(Concept checking)Testing for diagonalizability

eigenvalues-eigenvectorslinear algebramatrices

For the matrix $A \in M_{n \times n}(R)$, test A for diagonalizability.

$A= \begin{bmatrix} 0 & 0 & 1 \\ 1 & 0 & -1 \\ 0 & 1 & 1 \end{bmatrix}$

Question: To test for diagonalizability, is it true that as long as we can find distinct eigenvalues, which in this case, 3, then we look for three eigenspaces that together form a eigenbasis. If in this case, we can find three linearly independent eigenvectors that that such an eigenbasis, then we can say A is diagonalizable?

Best Answer

The matrix is diagonalizable if and only if there exist three linearly independent eigenvectors. However, you may not have to find them in order to guarantee that the matrix is diagonalizable, and you may not need to prove there are no such three vectors to prove it is not diagonalizable.

For example, a $3\times 3$ matrix that has three distinct eigenvalues is always diagonalizable (more generally, an $n\times n$ matrix with $n$ distinct eigenvalues is always diagonalizable). Because each eigenvalue has at least one eigenvector, and eigenvectors corresponding to distinct eigenvalues are linearly independent.

If the characteristic polynomial of the matrix does not split, then the matrix is not diagonalizable.

If the matrix has repeated eigenvalues, then you just need to check the eigenvalues with multiplicity greater than $1$: you need to verify there are at as many linearly independent eigenvectors corresponding to that eigenvalue as the multiplicity (there’s always at least one).

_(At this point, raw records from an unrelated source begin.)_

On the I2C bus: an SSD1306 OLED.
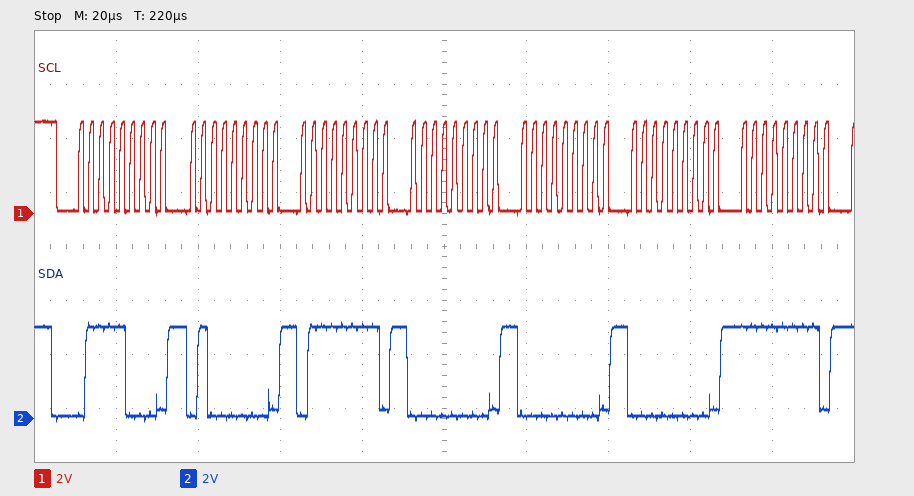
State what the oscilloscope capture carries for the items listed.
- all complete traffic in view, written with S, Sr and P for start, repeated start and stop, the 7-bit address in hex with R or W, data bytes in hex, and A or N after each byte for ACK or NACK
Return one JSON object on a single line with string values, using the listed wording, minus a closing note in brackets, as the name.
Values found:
{"all complete traffic in view, written with S, Sr and P for start, repeated start and stop, the 7-bit address in hex with R or W, data bytes in hex, and A or N after each byte for ACK or NACK": "S 3CW A 40 A 7F A 00 A 00 A 00 A FF A"}
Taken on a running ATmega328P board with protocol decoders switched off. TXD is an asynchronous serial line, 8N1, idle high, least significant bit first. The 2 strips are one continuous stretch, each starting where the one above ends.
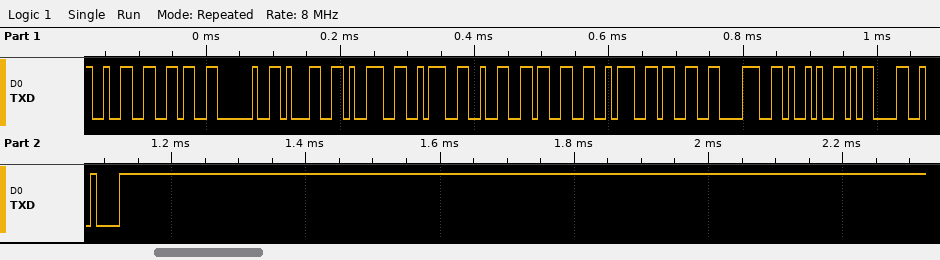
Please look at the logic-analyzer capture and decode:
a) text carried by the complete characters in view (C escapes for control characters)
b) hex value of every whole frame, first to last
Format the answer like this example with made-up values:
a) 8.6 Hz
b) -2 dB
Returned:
a) "26 19:23:38)\r\n"
b) 0x32 0x36 0x20 0x31 0x39 0x3A 0x32 0x33 0x3A 0x33 0x38 0x29 0x0D 0x0A
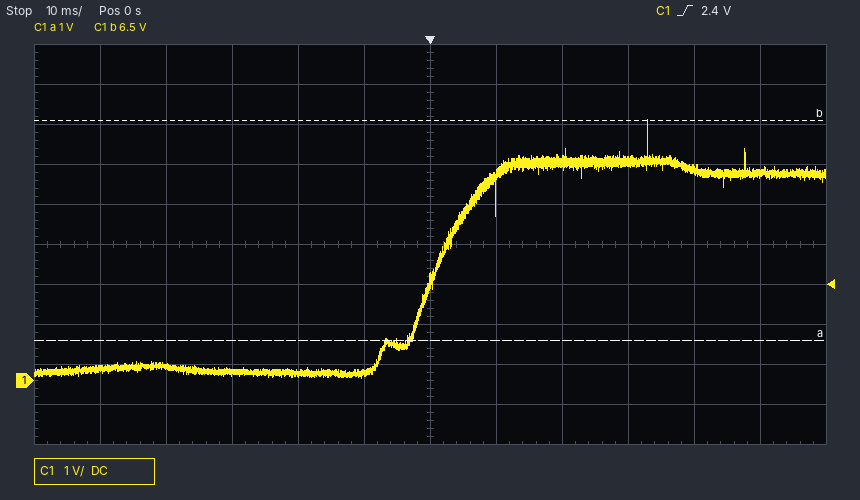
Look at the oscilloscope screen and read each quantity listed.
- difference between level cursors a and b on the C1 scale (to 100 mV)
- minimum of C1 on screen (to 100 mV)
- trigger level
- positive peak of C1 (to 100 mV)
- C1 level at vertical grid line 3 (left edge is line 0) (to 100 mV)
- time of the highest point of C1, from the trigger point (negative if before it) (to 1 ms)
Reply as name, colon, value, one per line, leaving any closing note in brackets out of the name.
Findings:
difference between level cursors a and b on the C1 scale: 5.5 V
minimum of C1 on screen: 100 mV
trigger level: 2.4 V
positive peak of C1: 6.5 V
C1 level at vertical grid line 3 (left edge is line 0): 200 mV
time of the highest point of C1, from the trigger point (negative if before it): +33 ms
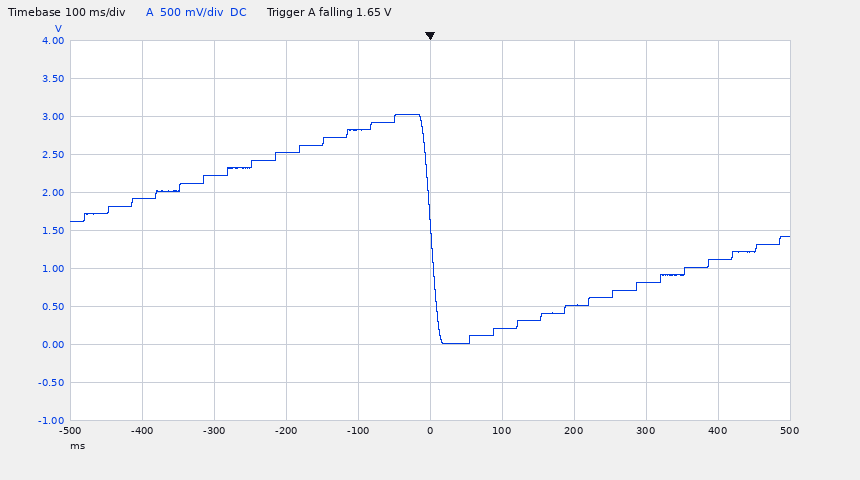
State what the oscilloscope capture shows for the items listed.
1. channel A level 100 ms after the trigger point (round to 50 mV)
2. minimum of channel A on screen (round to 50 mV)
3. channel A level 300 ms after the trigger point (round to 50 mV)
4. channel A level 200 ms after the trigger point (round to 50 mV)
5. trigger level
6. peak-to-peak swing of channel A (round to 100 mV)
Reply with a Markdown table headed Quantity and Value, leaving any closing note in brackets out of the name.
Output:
| Quantity | Value |
|---|---|
| channel A level 100 ms after the trigger point | 200 mV |
| minimum of channel A on screen | 0 mV |
| channel A level 300 ms after the trigger point | 800 mV |
| channel A level 200 ms after the trigger point | 500 mV |
| trigger level | 1.65 V |
| peak-to-peak swing of channel A | 3.00 V |
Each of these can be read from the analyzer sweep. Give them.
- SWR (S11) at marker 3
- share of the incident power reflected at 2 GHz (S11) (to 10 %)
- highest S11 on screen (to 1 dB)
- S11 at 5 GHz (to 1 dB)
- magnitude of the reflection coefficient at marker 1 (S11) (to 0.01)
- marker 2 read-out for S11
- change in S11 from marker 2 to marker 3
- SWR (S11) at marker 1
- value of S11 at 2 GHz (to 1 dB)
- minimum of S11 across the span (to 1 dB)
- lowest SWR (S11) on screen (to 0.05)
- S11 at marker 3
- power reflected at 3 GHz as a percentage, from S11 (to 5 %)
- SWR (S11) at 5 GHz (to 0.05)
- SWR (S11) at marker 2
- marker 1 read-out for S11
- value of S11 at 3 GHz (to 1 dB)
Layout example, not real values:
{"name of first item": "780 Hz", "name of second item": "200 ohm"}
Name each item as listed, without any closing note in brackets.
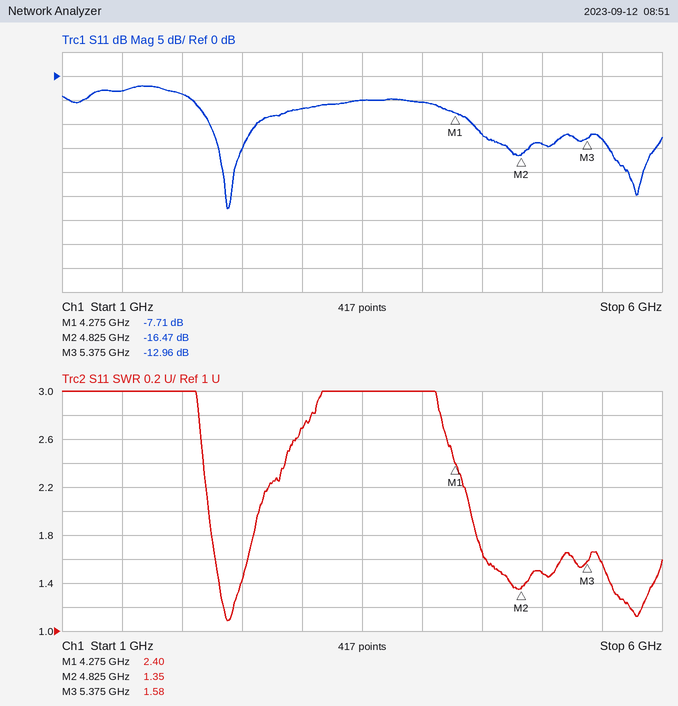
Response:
{"SWR (S11) at marker 3": "1.58", "share of the incident power reflected at 2 GHz (S11)": "40 %", "highest S11 on screen": "-2 dB", "S11 at 5 GHz": "-14 dB", "magnitude of the reflection coefficient at marker 1 (S11)": "0.41", "marker 2 read-out for S11": "-16.47 dB", "change in S11 from marker 2 to marker 3": "3.51 dB", "SWR (S11) at marker 1": "2.40", "value of S11 at 2 GHz": "-4 dB", "minimum of S11 across the span": "-28 dB", "lowest SWR (S11) on screen": "1.10", "S11 at marker 3": "-12.96 dB", "power reflected at 3 GHz as a percentage, from S11": "20 %", "SWR (S11) at 5 GHz": "1.50", "SWR (S11) at marker 2": "1.35", "marker 1 read-out for S11": "-7.71 dB", "value of S11 at 3 GHz": "-7 dB"}

For the matrix at hand, the characteristic polynomial is $-(t-1)(t^2+1)$. If you are working over $\mathbb{R}$, there aren’t enough eigenvalues, so it’s not diagonalizable. If you are working over $\mathbb{C}$, then the matrix has three distinct eigenvalues ($1$, $i$, and $-i$), so it is diagonalizable. No need to find any eigenvectors in this case.